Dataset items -

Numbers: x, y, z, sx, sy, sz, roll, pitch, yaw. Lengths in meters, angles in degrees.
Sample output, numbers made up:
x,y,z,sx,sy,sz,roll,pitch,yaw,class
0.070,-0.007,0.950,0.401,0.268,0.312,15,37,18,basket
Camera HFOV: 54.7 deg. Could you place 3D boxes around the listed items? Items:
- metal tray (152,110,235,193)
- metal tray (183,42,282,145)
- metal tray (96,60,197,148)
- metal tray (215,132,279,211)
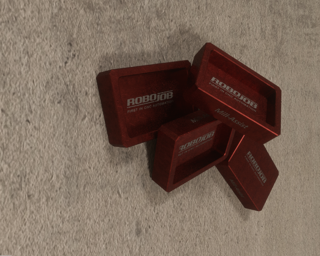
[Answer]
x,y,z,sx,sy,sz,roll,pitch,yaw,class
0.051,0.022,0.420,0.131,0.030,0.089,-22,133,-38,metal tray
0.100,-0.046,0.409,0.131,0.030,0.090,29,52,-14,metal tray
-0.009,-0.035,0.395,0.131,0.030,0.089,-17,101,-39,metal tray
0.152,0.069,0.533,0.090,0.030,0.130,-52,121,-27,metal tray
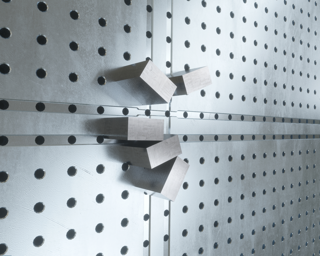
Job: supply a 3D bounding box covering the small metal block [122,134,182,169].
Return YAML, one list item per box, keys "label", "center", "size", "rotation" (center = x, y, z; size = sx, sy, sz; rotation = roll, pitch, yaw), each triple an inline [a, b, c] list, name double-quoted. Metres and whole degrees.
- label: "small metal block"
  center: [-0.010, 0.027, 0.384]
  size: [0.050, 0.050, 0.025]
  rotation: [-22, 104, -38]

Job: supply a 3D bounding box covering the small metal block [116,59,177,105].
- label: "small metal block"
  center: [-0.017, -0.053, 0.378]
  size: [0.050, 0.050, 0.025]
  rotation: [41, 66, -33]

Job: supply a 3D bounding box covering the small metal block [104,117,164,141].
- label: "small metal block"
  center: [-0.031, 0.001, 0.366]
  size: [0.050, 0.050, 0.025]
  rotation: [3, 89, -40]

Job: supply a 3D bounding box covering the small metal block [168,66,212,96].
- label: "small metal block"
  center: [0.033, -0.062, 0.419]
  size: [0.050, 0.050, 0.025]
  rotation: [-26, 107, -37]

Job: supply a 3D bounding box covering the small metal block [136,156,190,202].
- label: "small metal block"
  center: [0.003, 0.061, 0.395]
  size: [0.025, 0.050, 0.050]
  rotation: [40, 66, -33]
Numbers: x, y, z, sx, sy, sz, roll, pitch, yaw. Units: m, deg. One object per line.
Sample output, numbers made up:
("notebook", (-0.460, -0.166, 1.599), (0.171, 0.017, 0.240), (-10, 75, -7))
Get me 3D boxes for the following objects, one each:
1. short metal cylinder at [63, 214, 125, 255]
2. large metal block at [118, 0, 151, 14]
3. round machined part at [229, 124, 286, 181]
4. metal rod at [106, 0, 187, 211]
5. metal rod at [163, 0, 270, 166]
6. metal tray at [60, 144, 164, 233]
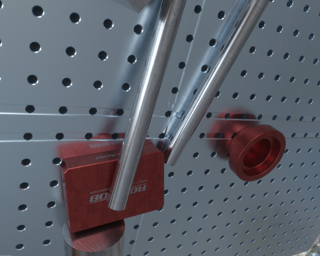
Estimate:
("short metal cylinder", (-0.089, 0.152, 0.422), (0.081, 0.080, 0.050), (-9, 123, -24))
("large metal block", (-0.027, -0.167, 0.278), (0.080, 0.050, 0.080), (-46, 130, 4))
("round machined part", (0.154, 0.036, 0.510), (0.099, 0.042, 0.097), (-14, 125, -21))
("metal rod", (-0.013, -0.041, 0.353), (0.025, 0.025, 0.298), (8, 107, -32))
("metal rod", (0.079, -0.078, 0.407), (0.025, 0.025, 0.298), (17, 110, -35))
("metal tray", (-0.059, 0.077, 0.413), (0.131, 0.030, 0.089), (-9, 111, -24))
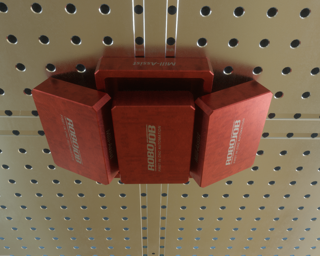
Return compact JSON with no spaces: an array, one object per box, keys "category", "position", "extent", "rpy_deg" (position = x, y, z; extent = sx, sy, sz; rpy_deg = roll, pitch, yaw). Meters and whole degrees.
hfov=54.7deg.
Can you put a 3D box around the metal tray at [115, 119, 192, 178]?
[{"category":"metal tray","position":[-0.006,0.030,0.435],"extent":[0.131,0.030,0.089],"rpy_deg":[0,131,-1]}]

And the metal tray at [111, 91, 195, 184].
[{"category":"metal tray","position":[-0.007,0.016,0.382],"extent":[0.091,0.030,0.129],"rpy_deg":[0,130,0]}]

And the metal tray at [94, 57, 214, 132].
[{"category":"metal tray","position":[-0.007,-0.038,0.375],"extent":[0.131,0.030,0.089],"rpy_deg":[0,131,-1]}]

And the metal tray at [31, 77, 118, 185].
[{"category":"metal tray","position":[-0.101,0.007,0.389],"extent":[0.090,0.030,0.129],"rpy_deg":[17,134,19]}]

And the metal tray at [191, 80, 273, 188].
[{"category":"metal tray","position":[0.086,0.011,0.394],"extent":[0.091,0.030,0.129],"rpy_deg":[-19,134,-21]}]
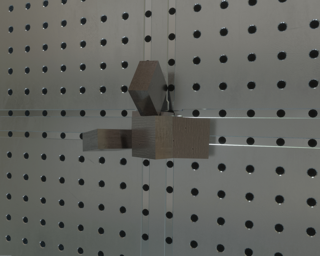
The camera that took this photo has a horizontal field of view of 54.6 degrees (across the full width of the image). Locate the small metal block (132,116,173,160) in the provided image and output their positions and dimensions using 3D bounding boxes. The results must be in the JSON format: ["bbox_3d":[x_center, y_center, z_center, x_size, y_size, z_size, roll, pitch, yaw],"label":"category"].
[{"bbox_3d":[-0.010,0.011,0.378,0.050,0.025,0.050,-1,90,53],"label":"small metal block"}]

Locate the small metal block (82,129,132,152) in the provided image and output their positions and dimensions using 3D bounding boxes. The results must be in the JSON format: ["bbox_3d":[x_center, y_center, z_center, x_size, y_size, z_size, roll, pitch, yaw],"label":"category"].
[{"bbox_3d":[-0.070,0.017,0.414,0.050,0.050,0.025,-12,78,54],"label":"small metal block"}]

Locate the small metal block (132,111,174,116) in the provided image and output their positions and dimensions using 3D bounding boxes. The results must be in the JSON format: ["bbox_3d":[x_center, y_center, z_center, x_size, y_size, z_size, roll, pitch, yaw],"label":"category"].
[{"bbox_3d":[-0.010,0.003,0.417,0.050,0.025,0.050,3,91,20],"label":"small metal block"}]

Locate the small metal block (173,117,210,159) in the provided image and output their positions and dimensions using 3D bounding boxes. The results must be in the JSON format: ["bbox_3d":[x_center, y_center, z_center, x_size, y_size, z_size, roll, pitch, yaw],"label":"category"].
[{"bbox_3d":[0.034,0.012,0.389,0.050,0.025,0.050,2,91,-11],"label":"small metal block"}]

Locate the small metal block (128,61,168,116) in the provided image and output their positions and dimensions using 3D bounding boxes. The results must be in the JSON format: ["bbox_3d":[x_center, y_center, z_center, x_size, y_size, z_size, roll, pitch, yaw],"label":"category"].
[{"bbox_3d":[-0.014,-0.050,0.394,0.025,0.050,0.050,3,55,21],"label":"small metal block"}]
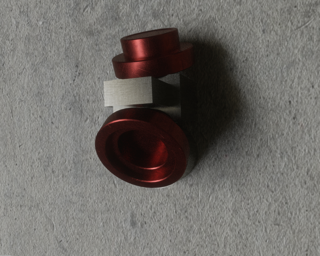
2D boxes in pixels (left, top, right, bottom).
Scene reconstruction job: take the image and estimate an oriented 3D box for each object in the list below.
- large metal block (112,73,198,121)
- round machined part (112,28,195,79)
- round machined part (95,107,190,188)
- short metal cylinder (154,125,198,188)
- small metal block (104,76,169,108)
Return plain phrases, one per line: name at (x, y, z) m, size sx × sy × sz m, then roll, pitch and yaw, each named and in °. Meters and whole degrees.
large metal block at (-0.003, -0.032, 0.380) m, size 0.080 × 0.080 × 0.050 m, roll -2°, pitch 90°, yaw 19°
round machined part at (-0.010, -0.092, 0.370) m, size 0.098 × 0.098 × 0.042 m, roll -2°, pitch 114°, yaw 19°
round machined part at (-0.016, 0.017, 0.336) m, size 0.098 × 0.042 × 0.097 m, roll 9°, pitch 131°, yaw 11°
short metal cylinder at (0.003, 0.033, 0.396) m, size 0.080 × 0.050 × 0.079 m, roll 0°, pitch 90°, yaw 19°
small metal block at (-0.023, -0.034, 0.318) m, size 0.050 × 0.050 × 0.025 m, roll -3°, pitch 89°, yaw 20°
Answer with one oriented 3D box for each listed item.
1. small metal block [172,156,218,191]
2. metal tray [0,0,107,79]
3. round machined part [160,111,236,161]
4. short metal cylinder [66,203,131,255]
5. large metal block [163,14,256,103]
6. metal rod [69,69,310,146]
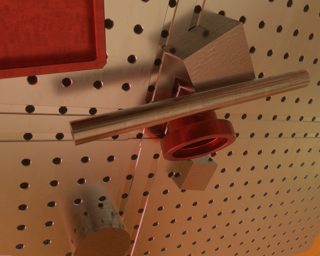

Task details - Search the entries for the word "oriented". Copy each line where it appears.

Answer section -
Scene reconstruction job: take the image and estimate an oriented 3D box for each object in the list below.
Answer with one oriented 3D box for each listed item.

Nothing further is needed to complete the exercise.